Using your sample case (cells 2 points, 6 common data points):

 from scipy import stats bin_edges = stats.mstats.mquantiles(data, [0, 2./6, 4./6, 1]) >> array([1. , 1.24666667, 2.05333333, 2.12]) 
+10
source share

Update for distorted distributions:

I ran into the same problem as @astabada, wanting to create bunkers, each of which contains an equal number of samples. When applying the proposed solution @ aganders3, I found that it does not work especially well for distorted distributions. In the case of skewed data (for example, something with a whole series of zeros) stats.mstats.mquantiles for a predetermined number of quantiles does not guarantee an equal number of samples in each bin. You will get the edges of the hopper that look like this:

 [0. 0. 4. 9.] 

In this case, the first bit will be empty.

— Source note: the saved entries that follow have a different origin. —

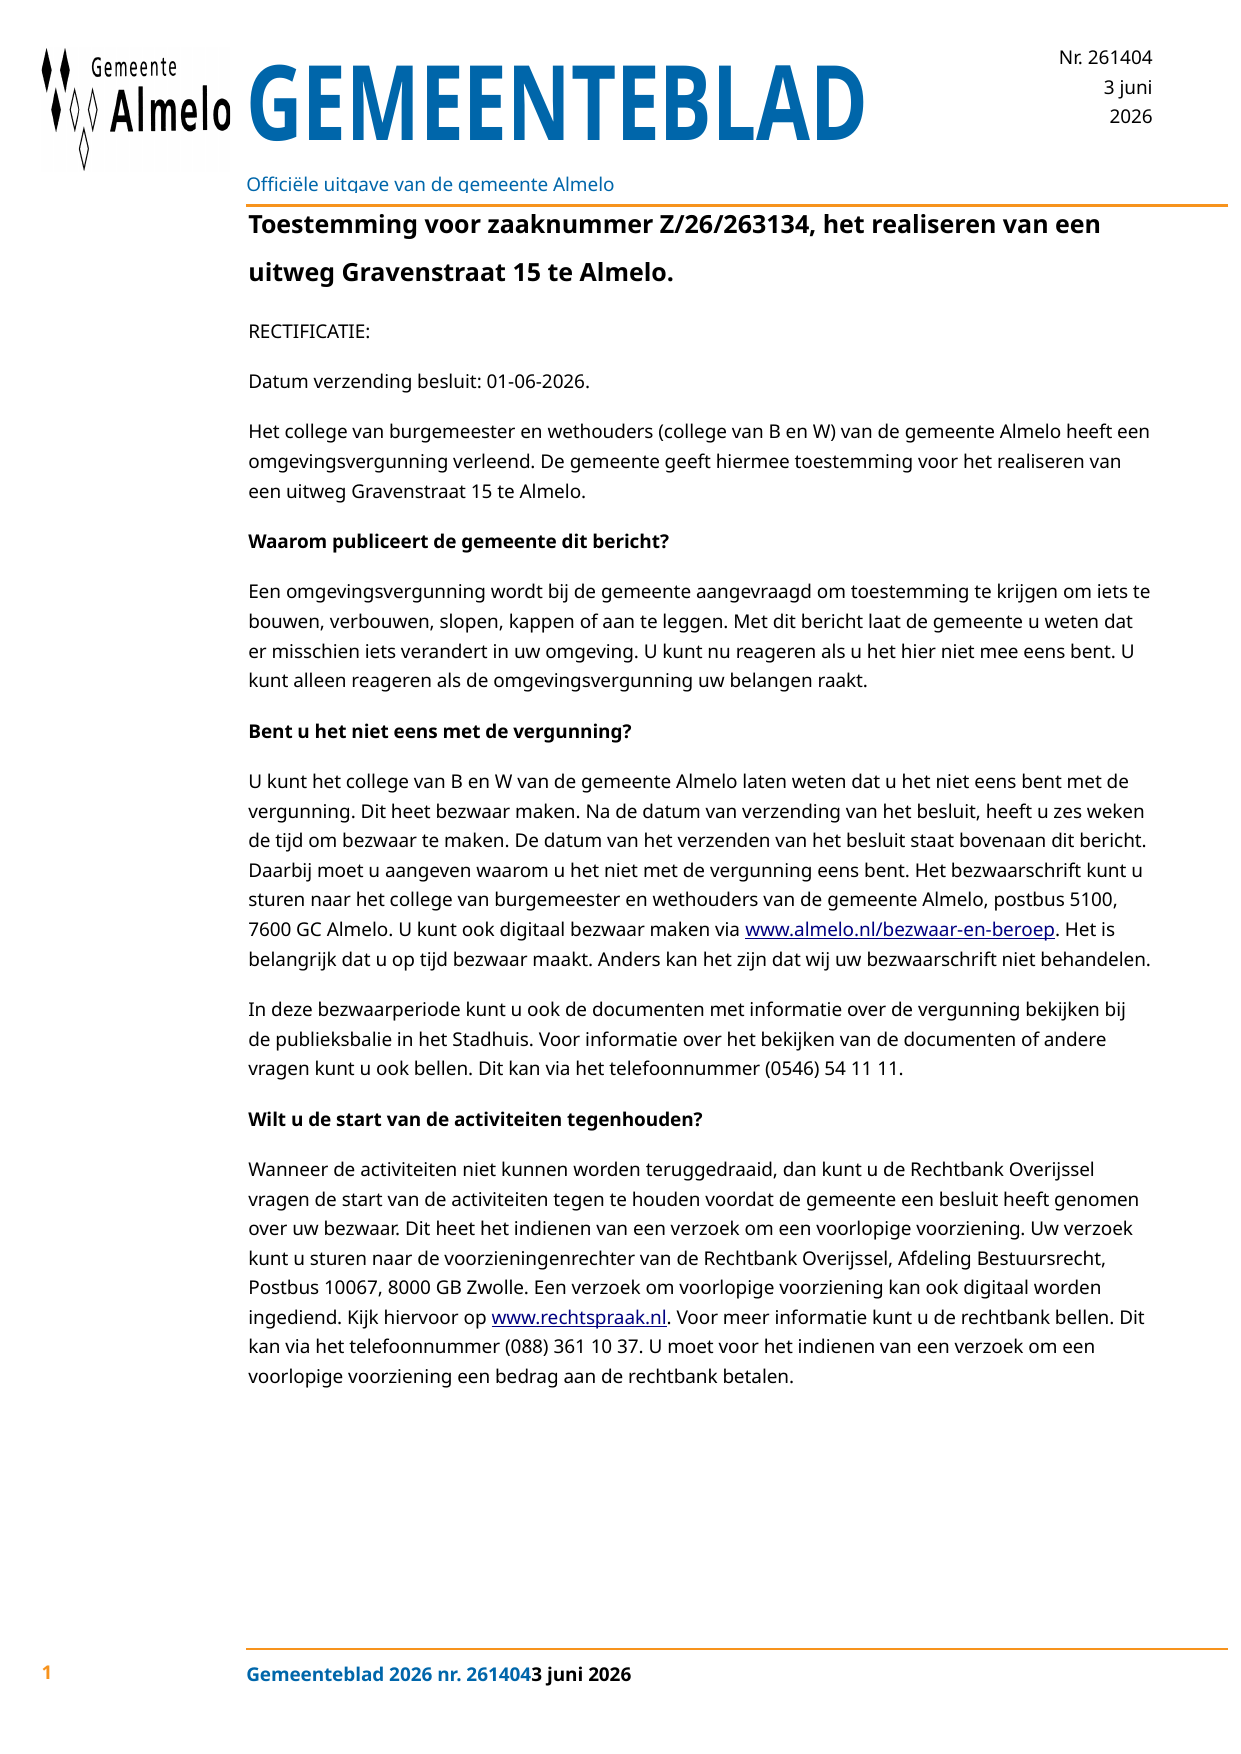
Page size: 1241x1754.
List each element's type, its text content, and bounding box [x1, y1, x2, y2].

text Wilt u de start van de activiteiten tegenhouden? [248, 1106, 1152, 1132]
text Wanneer de activiteiten niet kunnen worden teruggedraaid, dan kunt u de Rechtbank Overijssel vragen de start van de activiteiten tegen te houden voordat de gemeente een besluit heeft genomen over uw bezwaar. Dit heet het indienen van een verzoek om een voorlopige voorziening. Uw verzoek kunt u sturen naar de voorzieningenrechter van de Rechtbank Overijssel, Afdeling Bestuursrecht, Postbus 10067, 8000 GB Zwolle. Een verzoek om voorlopige voorziening kan ook digitaal worden ingediend. Kijk hiervoor op www.rechtspraak.nl. Voor meer informatie kunt u de rechtbank bellen. Dit kan via het telefoonnummer (088) 361 10 37. U moet voor het indienen van een verzoek om een voorlopige voorziening een bedrag aan de rechtbank betalen. [248, 1156, 1152, 1389]
text Waarom publiceert de gemeente dit bericht? [248, 528, 1152, 554]
text Toestemming voor zaaknummer Z/26/263134, het realiseren van een uitweg Gravenstraat 15 te Almelo. [248, 207, 1152, 288]
text RECTIFICATIE: [248, 318, 1152, 344]
text Bent u het niet eens met de vergunning? [248, 718, 1152, 744]
text Het college van burgemeester en wethouders (college van B en W) van de gemeente Almelo heeft een omgevingsvergunning verleend. De gemeente geeft hiermee toestemming voor het realiseren van een uitweg Gravenstraat 15 te Almelo. [248, 419, 1152, 504]
picture [41, 47, 231, 172]
text In deze bezwaarperiode kunt u ook de documenten met informatie over de vergunning bekijken bij de publieksbalie in het Stadhuis. Voor informatie over het bekijken van de documenten of andere vragen kunt u ook bellen. Dit kan via het telefoonnummer (0546) 54 11 11. [248, 996, 1152, 1081]
text Datum verzending besluit: 01-06-2026. [248, 368, 1152, 394]
text Een omgevingsvergunning wordt bij de gemeente aangevraagd om toestemming te krijgen om iets te bouwen, verbouwen, slopen, kappen of aan te leggen. Met dit bericht laat de gemeente u weten dat er misschien iets verandert in uw omgeving. U kunt nu reageren als u het hier niet mee eens bent. U kunt alleen reageren als de omgevingsvergunning uw belangen raakt. [248, 579, 1152, 693]
text U kunt het college van B en W van de gemeente Almelo laten weten dat u het niet eens bent met de vergunning. Dit heet bezwaar maken. Na de datum van verzending van het besluit, heeft u zes weken de tijd om bezwaar te maken. De datum van het verzenden van het besluit staat bovenaan dit bericht. Daarbij moet u aangeven waarom u het niet met de vergunning eens bent. Het bezwaarschrift kunt u sturen naar het college van burgemeester en wethouders van de gemeente Almelo, postbus 5100, 7600 GC Almelo. U kunt ook digitaal bezwaar maken via www.almelo.nl/bezwaar-en-beroep. Het is belangrijk dat u op tijd bezwaar maakt. Anders kan het zijn dat wij uw bezwaarschrift niet behandelen. [248, 768, 1152, 972]

To deal with distorted cases, I created a function that calls stats.mstats.mquantiles , and then dynamically changes the number of boxes if the samples are not equal within a certain tolerance (30% of the smallest sample size in the sample code) If the samples are not equal between cells , the code reduces the number of quanta with the same interval by 1 and calls stats.mstats.mquantiles again until the sample sizes are equal or only one bit exists.

I hard-coded the tolerance in this example, but if necessary, it could be changed to the keyword argument.

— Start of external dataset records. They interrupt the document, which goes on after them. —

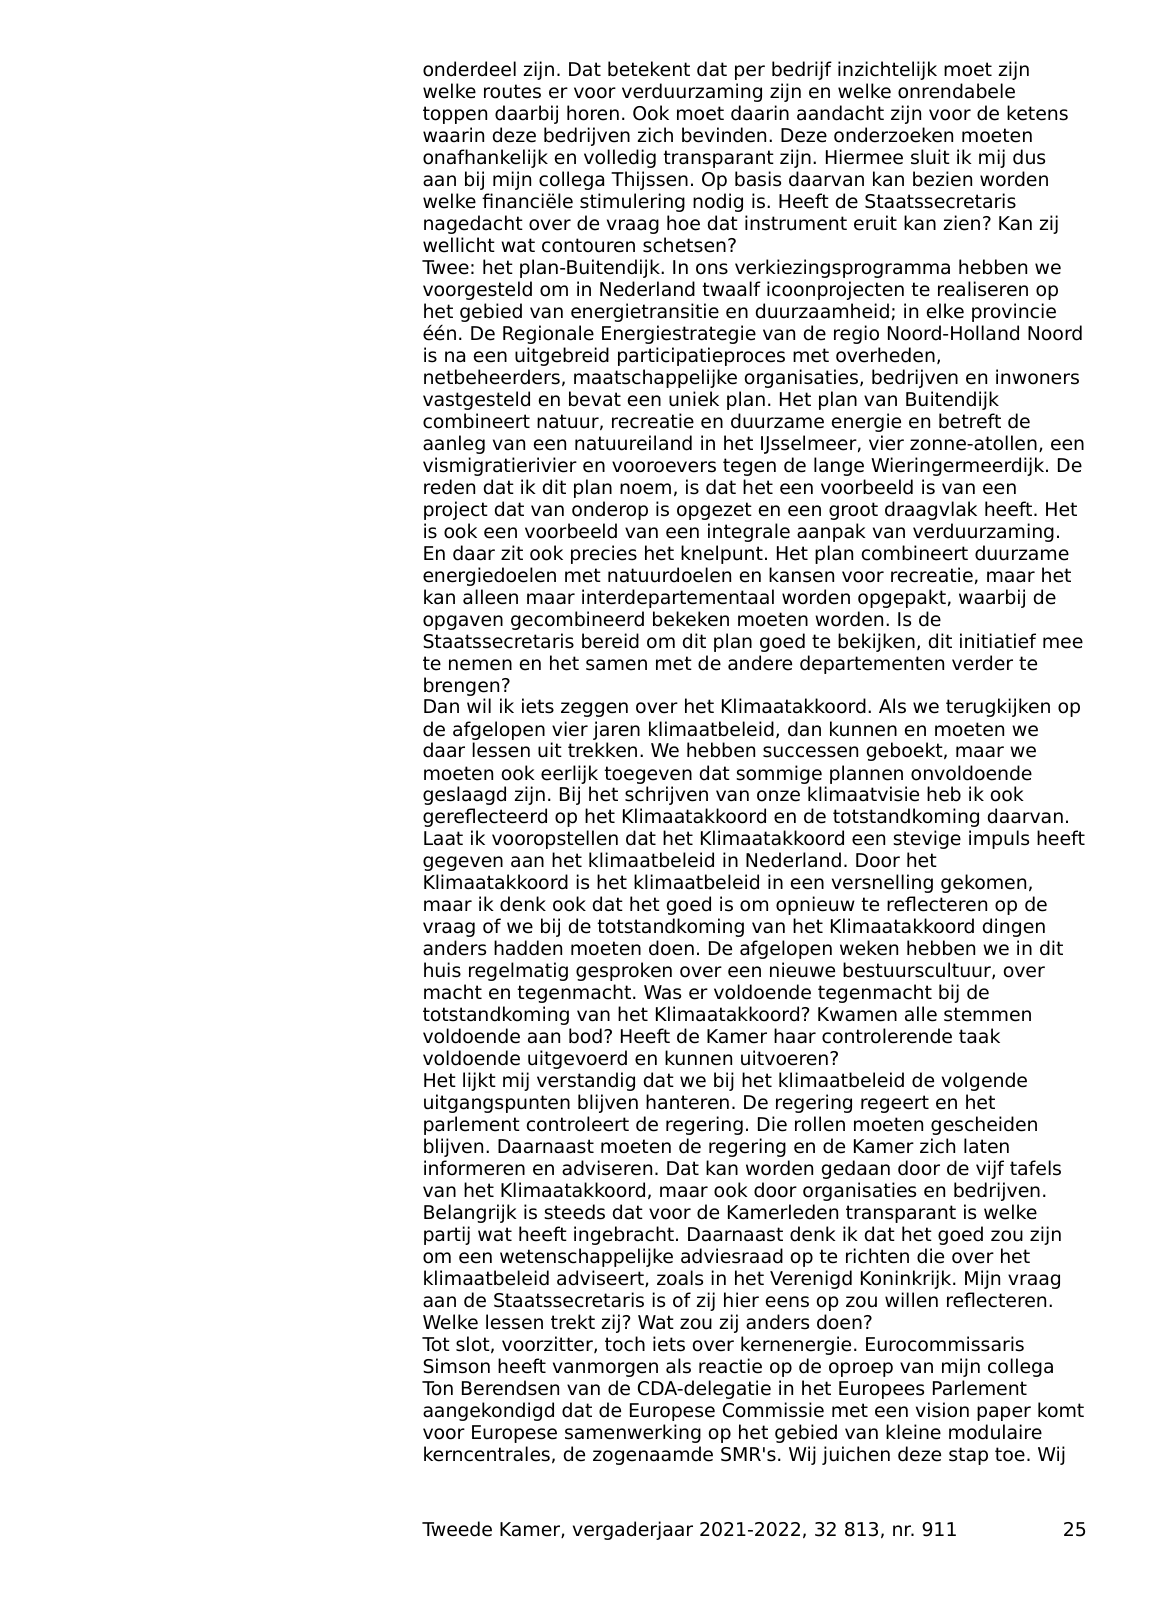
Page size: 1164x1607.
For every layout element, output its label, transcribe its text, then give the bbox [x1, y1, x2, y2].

text Het lijkt mij verstandig dat we bij het klimaatbeleid de volgende uitgangspunten blijven hanteren. De regering regeert en het parlement controleert de regering. Die rollen moeten gescheiden blijven. Daarnaast moeten de regering en de Kamer zich laten informeren en adviseren. Dat kan worden gedaan door de vijf tafels van het Klimaatakkoord, maar ook door organisaties en bedrijven. Belangrijk is steeds dat voor de Kamerleden transparant is welke partij wat heeft ingebracht. Daarnaast denk ik dat het goed zou zijn om een wetenschappelijke adviesraad op te richten die over het klimaatbeleid adviseert, zoals in het Verenigd Koninkrijk. Mijn vraag aan de Staatssecretaris is of zij hier eens op zou willen reflecteren. Welke lessen trekt zij? Wat zou zij anders doen? [422, 1070, 1087, 1334]
text Dan wil ik iets zeggen over het Klimaatakkoord. Als we terugkijken op de afgelopen vier jaren klimaatbeleid, dan kunnen en moeten we daar lessen uit trekken. We hebben successen geboekt, maar we moeten ook eerlijk toegeven dat sommige plannen onvoldoende geslaagd zijn. Bij het schrijven van onze klimaatvisie heb ik ook gereflecteerd op het Klimaatakkoord en de totstandkoming daarvan. Laat ik vooropstellen dat het Klimaatakkoord een stevige impuls heeft gegeven aan het klimaatbeleid in Nederland. Door het Klimaatakkoord is het klimaatbeleid in een versnelling gekomen, maar ik denk ook dat het goed is om opnieuw te reflecteren op de vraag of we bij de totstandkoming van het Klimaatakkoord dingen anders hadden moeten doen. De afgelopen weken hebben we in dit huis regelmatig gesproken over een nieuwe bestuurscultuur, over macht en tegenmacht. Was er voldoende tegenmacht bij de totstandkoming van het Klimaatakkoord? Kwamen alle stemmen voldoende aan bod? Heeft de Kamer haar controlerende taak voldoende uitgevoerd en kunnen uitvoeren? [422, 696, 1087, 1070]
text Tot slot, voorzitter, toch iets over kernenergie. Eurocommissaris Simson heeft vanmorgen als reactie op de oproep van mijn collega Ton Berendsen van de CDA-delegatie in het Europees Parlement aangekondigd dat de Europese Commissie met een vision paper komt voor Europese samenwerking op het gebied van kleine modulaire kerncentrales, de zogenaamde SMR's. Wij juichen deze stap toe. Wij [422, 1334, 1087, 1466]
text onderdeel zijn. Dat betekent dat per bedrijf inzichtelijk moet zijn welke routes er voor verduurzaming zijn en welke onrendabele toppen daarbij horen. Ook moet daarin aandacht zijn voor de ketens waarin deze bedrijven zich bevinden. Deze onderzoeken moeten onafhankelijk en volledig transparant zijn. Hiermee sluit ik mij dus aan bij mijn collega Thijssen. Op basis daarvan kan bezien worden welke financiële stimulering nodig is. Heeft de Staatssecretaris nagedacht over de vraag hoe dat instrument eruit kan zien? Kan zij wellicht wat contouren schetsen? [422, 59, 1087, 257]
text Twee: het plan-Buitendijk. In ons verkiezingsprogramma hebben we voorgesteld om in Nederland twaalf icoonprojecten te realiseren op het gebied van energietransitie en duurzaamheid; in elke provincie één. De Regionale Energiestrategie van de regio Noord-Holland Noord is na een uitgebreid participatieproces met overheden, netbeheerders, maatschappelijke organisaties, bedrijven en inwoners vastgesteld en bevat een uniek plan. Het plan van Buitendijk combineert natuur, recreatie en duurzame energie en betreft de aanleg van een natuureiland in het IJsselmeer, vier zonne-atollen, een vismigratierivier en vooroevers tegen de lange Wieringermeerdijk. De reden dat ik dit plan noem, is dat het een voorbeeld is van een project dat van onderop is opgezet en een groot draagvlak heeft. Het is ook een voorbeeld van een integrale aanpak van verduurzaming. En daar zit ook precies het knelpunt. Het plan combineert duurzame energiedoelen met natuurdoelen en kansen voor recreatie, maar het kan alleen maar interdepartementaal worden opgepakt, waarbij de opgaven gecombineerd bekeken moeten worden. Is de Staatssecretaris bereid om dit plan goed te bekijken, dit initiatief mee te nemen en het samen met de andere departementen verder te brengen? [422, 257, 1087, 696]

I also prefer to give the number of equally distributed quanta as an argument to my function, rather than giving user-defined quantiles to stats.mstats.mquantiles to reduce random errors (for example, something like [0., 0.25, 0.7, 1.] )

Here is the code:

 import numpy as np from scipy import stats def equibins(dat, binnum, **kwargs): numin = binnum while numin>1.: qtls = np.linspace(0.,1.0,num=numin,endpoint=False) ebins =stats.mstats.mquantiles(dat,qtls,alphap=kwargs['alpha'],betap=kwargs['beta']) allhist, allbin = np.histogram(dat, bins = ebins) if (np.unique(ebins).shape!=ebins.shape or tolerence(allhist,0.3)==False) and numin>2: numin= numin-1 del qtls, ebins else: numin=0 return ebins def tolerence(narray, percent): if percent>1.0: per = percent/100. else: per = percent lev_tol = per*narray.min() tolerate = np.all(narray[1:]-narray[0]<lev_tol) return tolerate 
+2
source share

Just sort the data and divide it into fixed cells by length! Obviously, you can never divide into exactly the same filled bins if the number of samples is not exactly divided by the number of boxes.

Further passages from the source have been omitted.